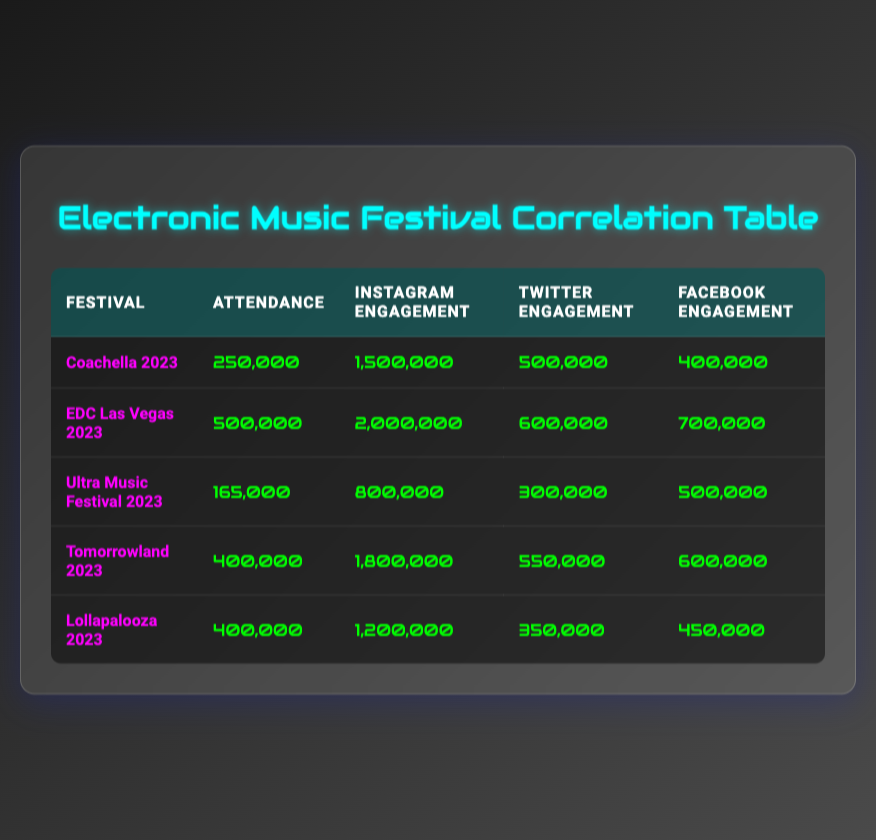What is the total attendance for all festivals listed? To find the total attendance, we need to sum up the attendance values from each festival: 250,000 (Coachella) + 500,000 (EDC Las Vegas) + 165,000 (Ultra Music Festival) + 400,000 (Tomorrowland) + 400,000 (Lollapalooza) = 1,715,000.
Answer: 1,715,000 Is the Instagram engagement for Tomorrowland greater than that for Coachella? Tomorrowland has an Instagram engagement of 1,800,000, while Coachella has 1,500,000. Since 1,800,000 is greater than 1,500,000, the statement is true.
Answer: Yes What is the average Twitter engagement across all festivals? To find the average Twitter engagement, we sum all Twitter engagement values: 500,000 (Coachella) + 600,000 (EDC Las Vegas) + 300,000 (Ultra Music Festival) + 550,000 (Tomorrowland) + 350,000 (Lollapalooza) = 2,300,000. We then divide by the number of festivals (5): 2,300,000 / 5 = 460,000.
Answer: 460,000 Which festival has the highest Facebook engagement? Looking through the Facebook engagement column, we see the values: 400,000 (Coachella), 700,000 (EDC Las Vegas), 500,000 (Ultra Music Festival), 600,000 (Tomorrowland), and 450,000 (Lollapalooza). EDC Las Vegas has the highest value of 700,000.
Answer: EDC Las Vegas 2023 Is the attendance for Ultra Music Festival higher than the average attendance of all festivals? First, we find the average attendance. The total attendance is 1,715,000 (calculated earlier), and there are 5 festivals, so the average attendance is 1,715,000 / 5 = 343,000. Ultra Music Festival has an attendance of 165,000, which is less than 343,000. Therefore, the answer is false.
Answer: No

◇ ◇ ◇ ◇ ◇ ◇ ◇

- [What you should do] Without the pictures, please reproduce each line of the listing above exactly, from the first one through the line bearing "Answer: Yes What".

- [Finished exercise]
What is the total attendance for all festivals listed? To find the total attendance, we need to sum up the attendance values from each festival: 250,000 (Coachella) + 500,000 (EDC Las Vegas) + 165,000 (Ultra Music Festival) + 400,000 (Tomorrowland) + 400,000 (Lollapalooza) = 1,715,000.
Answer: 1,715,000 Is the Instagram engagement for Tomorrowland greater than that for Coachella? Tomorrowland has an Instagram engagement of 1,800,000, while Coachella has 1,500,000. Since 1,800,000 is greater than 1,500,000, the statement is true.
Answer: Yes What is the average Twitter engagement across all festivals? To find the average Twitter engagement, we sum all Twitter engagement values: 500,000 (Coachella) + 600,000 (EDC Las Vegas) + 300,000 (Ultra Music Festival) + 550,000 (Tomorrowland) + 350,000 (Lollapalooza) = 2,300,000. We then divide by the number of festivals (5): 2,300,000 / 5 = 460,000.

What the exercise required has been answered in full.